CHENNAI: Books are tangible evidence of our past with important culture and history within its covers. However, with time and age, the book deteriorates; the binding rots, and the paper becomes weak, tears and discolours.
Therefore, it’s vital to conserve our literary heritage from the morbidity of time, and as P Renganathan says, books are the most important tools for preservation of human history for future generations. The Chennai-based book restorer has worked to preserve important printed materials for several libraries in Chennai and also across the country, and is well-known within the restoration community.
For Renganathan, it started in 1995, while laminating a student’s certificate. The corners got burnt due to the machine overheating. “I still feel bad about it. It got totally spoilt. I finally threw away the machine,” he recalls.
This incident prompted him to research and develop a hand-lamination method. Over the next five years, he consulted with librarians, archivists, museum curators and others who have old rare documents, to understand the precautions they take and methods they use to preserve documents.
“I researched the physical and chemical properties of paper, and also worked to solve the shortcomings of existing lamination and conservation systems,” he explains. This eventually led his research into document restoration.
His first restoration work was in 1998 at Periyar Thidal, Chennai, to preserve their Viduthalai newspaper editions dating back to 1890. “After that, there was no looking back. The Kerala-based newspaper Malayala Manorama gave us our first major project — restoring over 8 lakh newspapers from 1880 till date!” he smiles.

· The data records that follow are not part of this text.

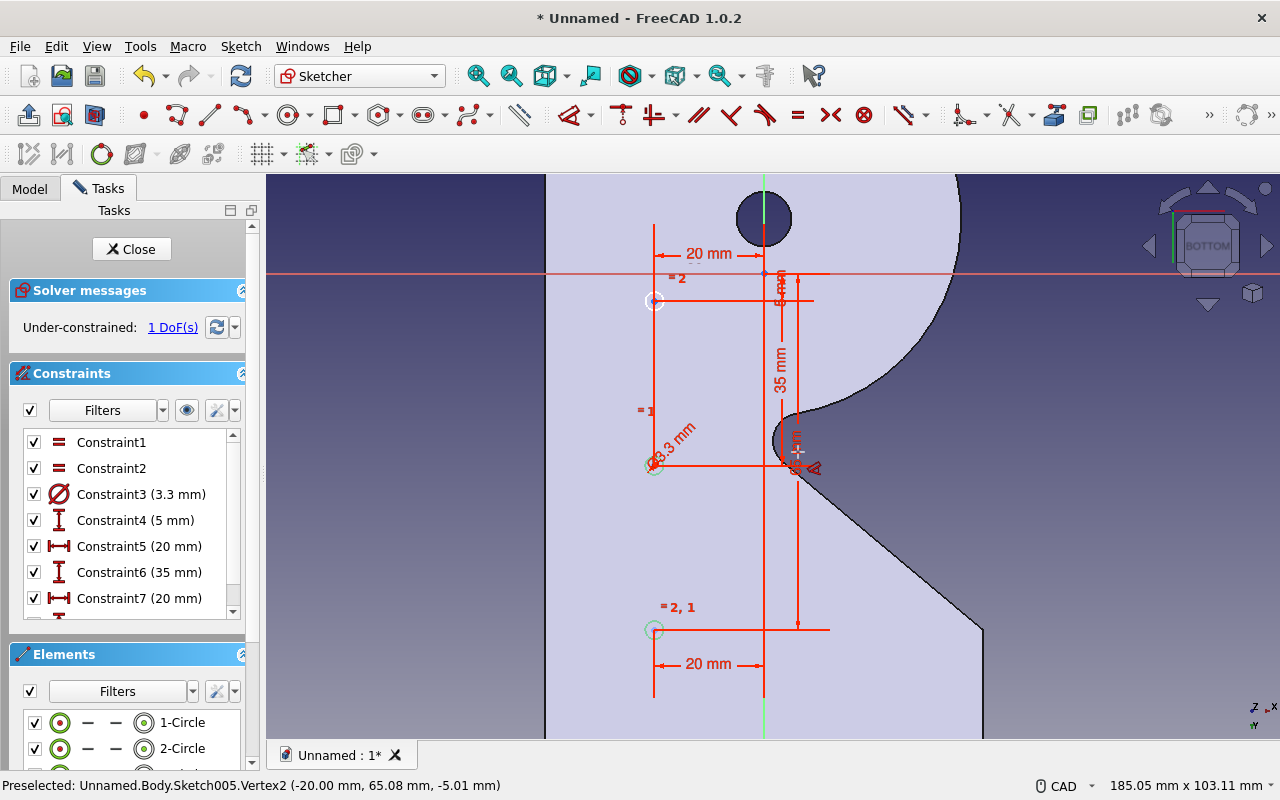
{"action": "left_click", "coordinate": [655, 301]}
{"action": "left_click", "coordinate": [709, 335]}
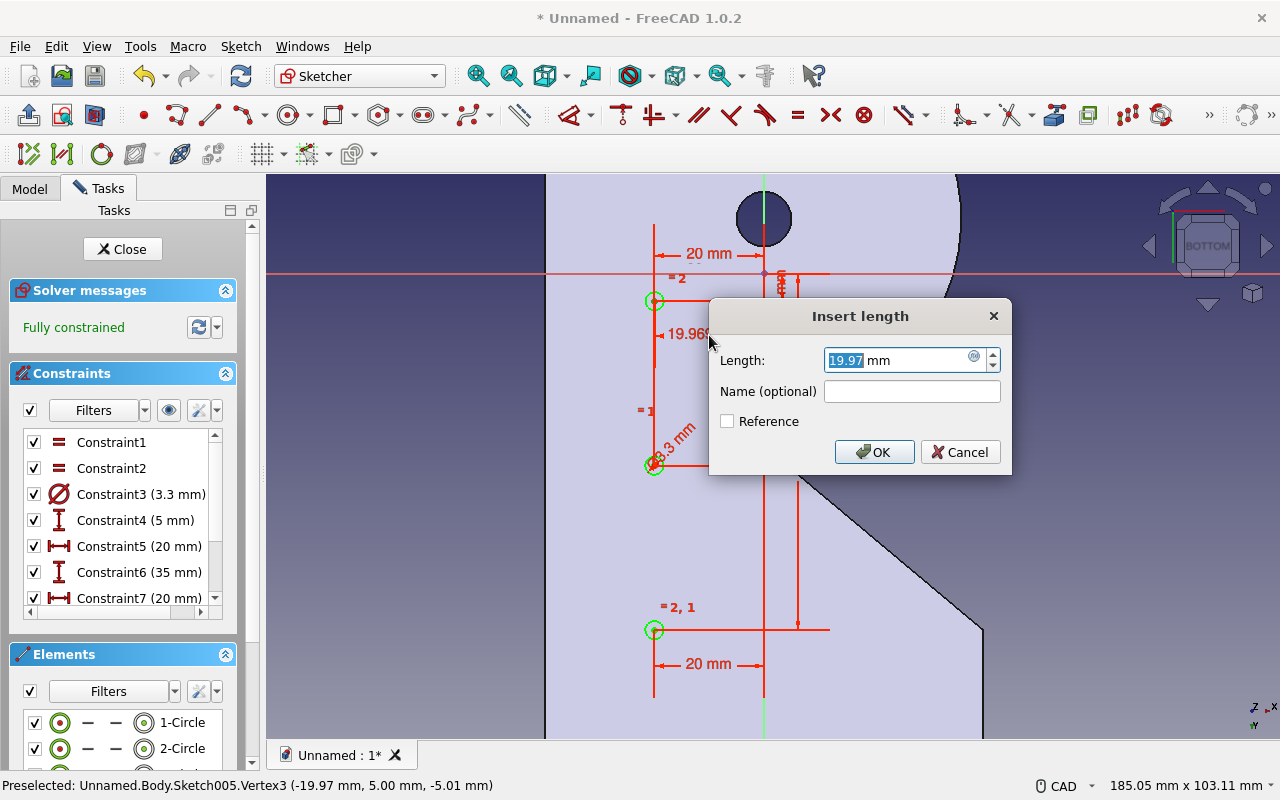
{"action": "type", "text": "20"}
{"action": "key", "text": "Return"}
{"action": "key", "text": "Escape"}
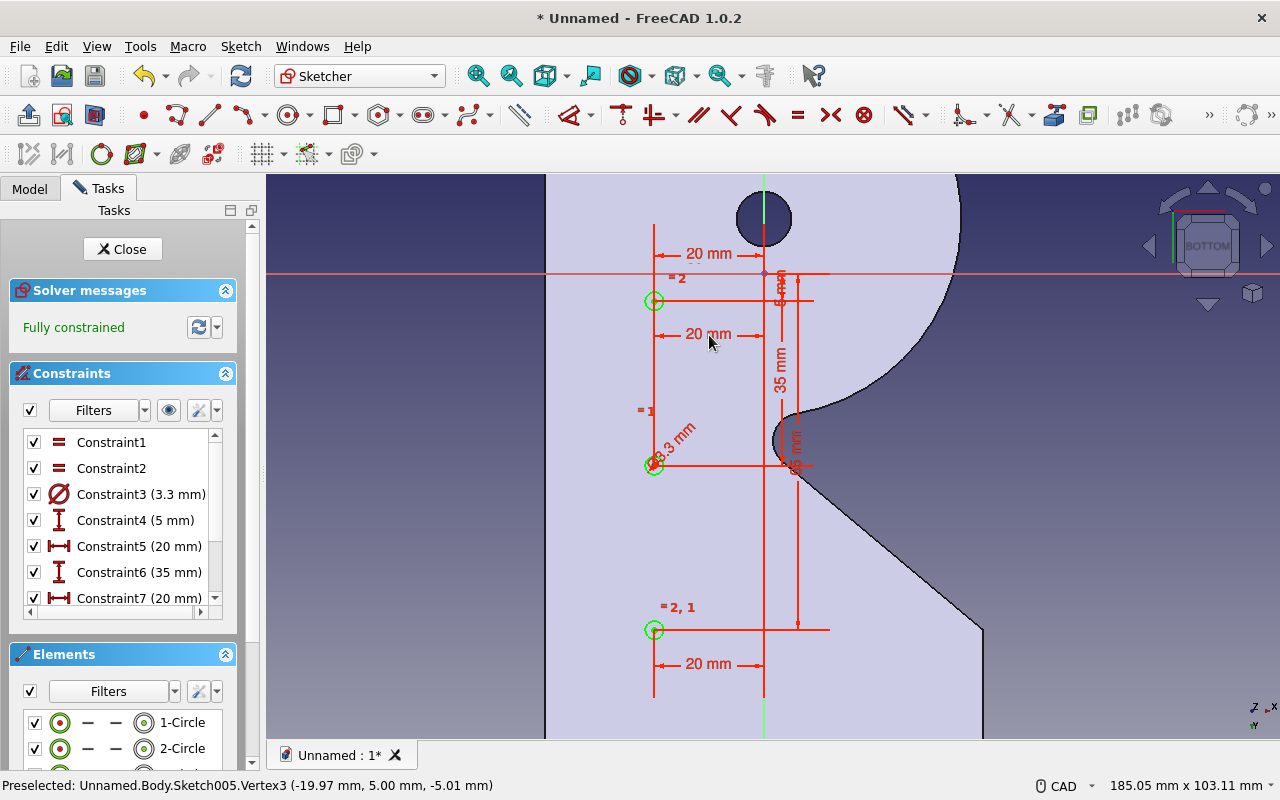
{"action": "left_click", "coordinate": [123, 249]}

Restoration is an extremely time-consuming and labour-intensive process. Most books are brittle or brought in in very bad conditions, and sometimes with lost pages. A book takes anywhere between 10-15 days, sometimes even a whole month, to restore; the process involves cleaning, bleaching, lamination and binding. “The biggest threat to books in libraries is insects. The books need to be fumigated before the binding,” he explains.

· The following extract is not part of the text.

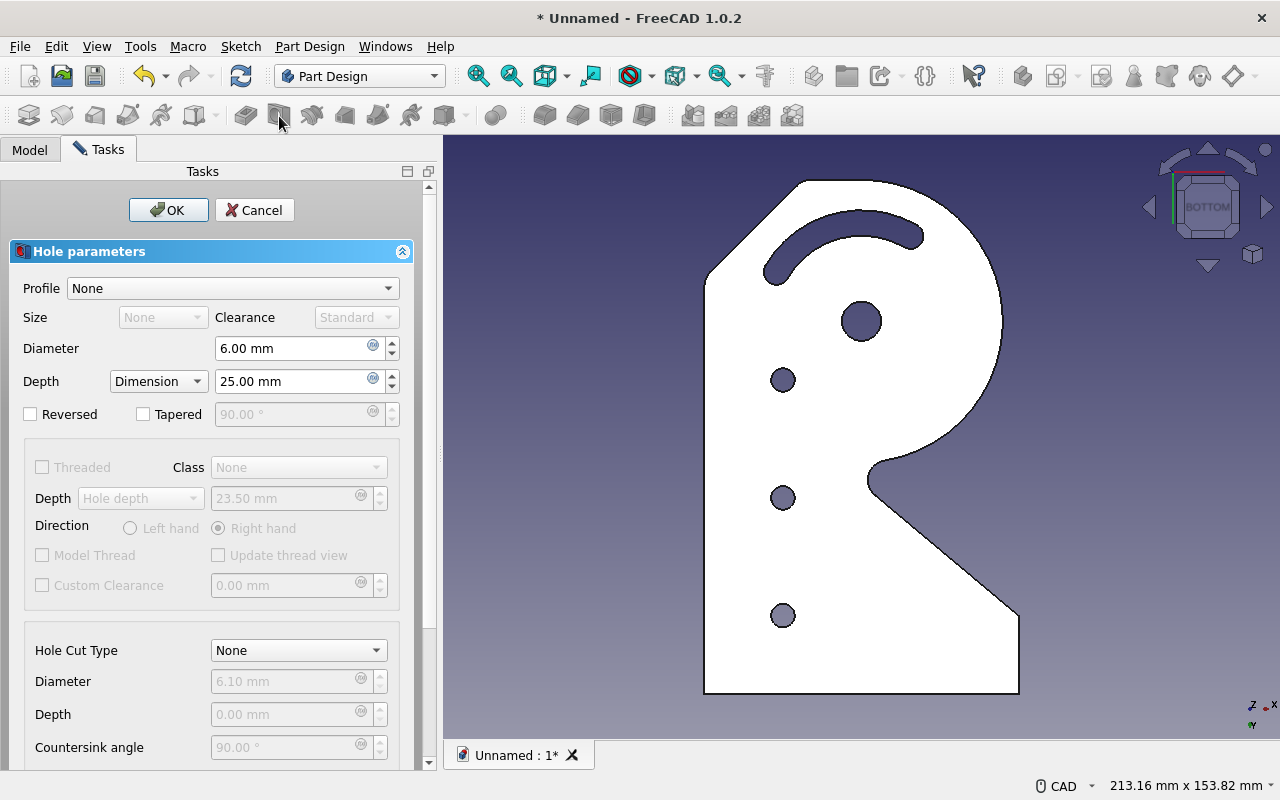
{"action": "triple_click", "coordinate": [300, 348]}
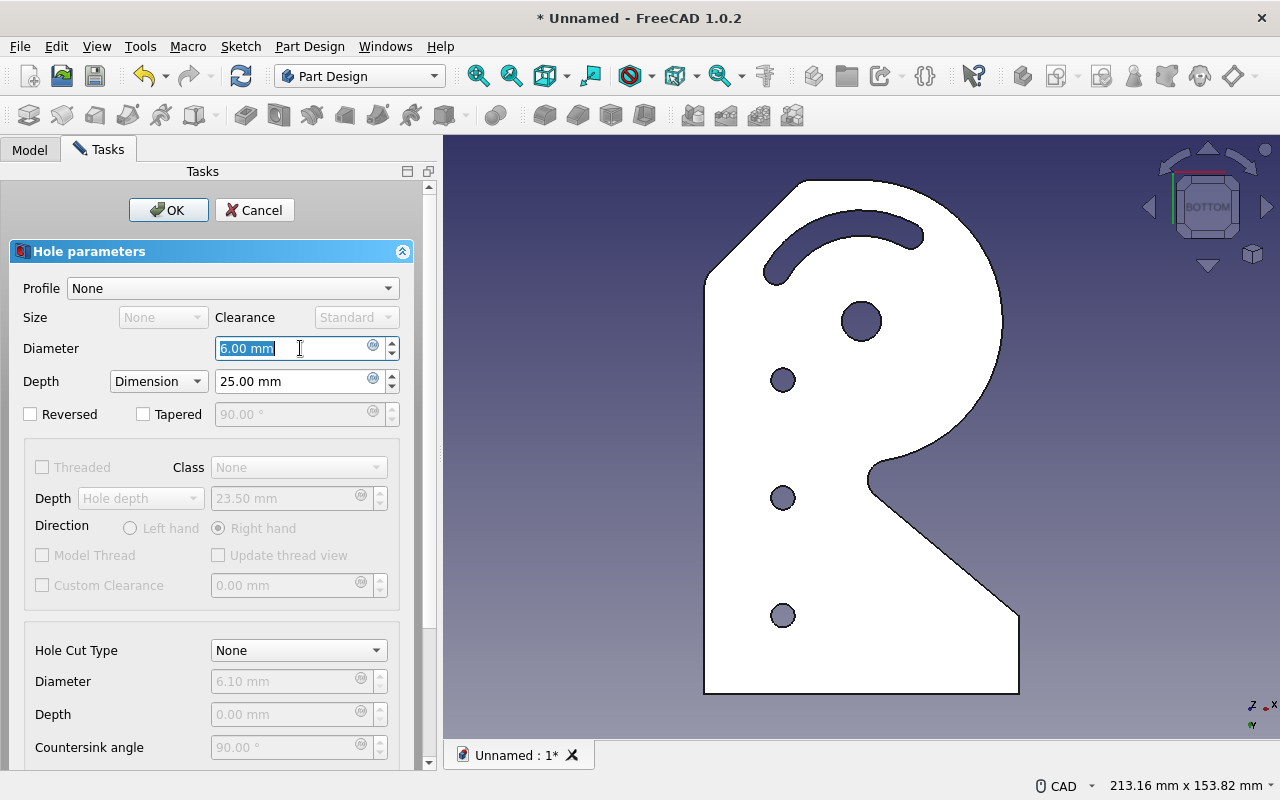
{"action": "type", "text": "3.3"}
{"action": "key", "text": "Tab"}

Through his research, Renganathan concluded that ordinary plastics, like PVC, tend to actually harm paper. “Due to moisture and atmospheric conditions, PVC generates acidic fumes which eat the paper — documents become yellow after lamination. Low grade plastics should not be used!” he advises.
Due to his aversion towards machine-laminations, he has developed four hand-lamination methods, all patented. His laminations are reversible, unlike machine lamination.
“Polyester lamination method is the best, with polyester film having a high melting temperature of 250 degrees and is fire retardant. The technique is fast too; it allows 400 sheets to be laminated per day. Compared to other plastics, this is the most environmentally safe and can last as long as 500 years. It’s non-tearable as well,” he adds.
Renganathan works closely with several libraries in Chennai like the Madras Literary society, Connemara library and CLRI library, to name a few. He recalls the project he did for MLS — around 200 ancient maps of the Ganges canal — some of which were 12’ by 12’! “The maps were as brittle as papad, initially. It took us four days to restore each map. We were satisfied with the project, ultimately, though it was tedious,” he recalls.
A recent project was the restoration of a book by Aristotle in 1665. “It had fungal growth on it. I did the restoration work for free,” he smiles.
Though they have a protocol of book restoration, challenges come their way. For instance, the Sanskrit department of Madras University. “The department used the old lamination process of using plastic that has melting temperature of 40 degrees. It had melted all the pages, and they were stuck to each other. Through the government museum, we took that book, tested the film. We used ammonium acetate to separate the pages, and recovered the book,” he explains.
Renganathan advises libraries to store books and newspapers by hanging them, as opposed to stacking, which prevents pressure on the bottom-most paper or book. He also conducts workshops and classes across the country for archivists, librarians, other conservationists and even students. “It started as a research, and ended up becoming my profession. If books are saved, so can the heritage of knowledge from the past, for the future!” he avers.
● Libraries of IIT, University of Madras, CLRI
● Newspapers such as Maathrubhoomi, Kerala Gomathi, Dinamalar
● Registers of the temples under Tirumala Tirupathi Devasthanam that has details about the jewels — when it was made, how much it weighs, persons who checked the weight and quality, etc
● Technical handbooks of drawings for the original broadcasting electrical equipment, for All India
● 18th century documents for Delhi State archives
● Nearly 2,000 books for the Sanskrit College
● Cloth lamination technique — done using a cloth a starch or CMC, which can be reversed by immersing in hot water.
● Tissue paper lamination (similar to above). Tissue paper imported from Germany. The has rectified the ink smudging problem,
● Lamino encapsulation, which can be done by anyone. Lamination covers are available as individual pieces, and the pages can be inserted and taped to seal. If needed to be reversed, it can be cut and document retrieved.
- Pages are sorted based on page numbers or dates
- Cleaning accumulated dust and bleaching to improve yellowing
- Kept in a chamber box — for de-acidification and fumigation. This is done using a vapour-based process — ammonia vapour reacts with acid in the paper and forms a salt, which is deposited on the top.
- Cleaning to removes salts and dead insects.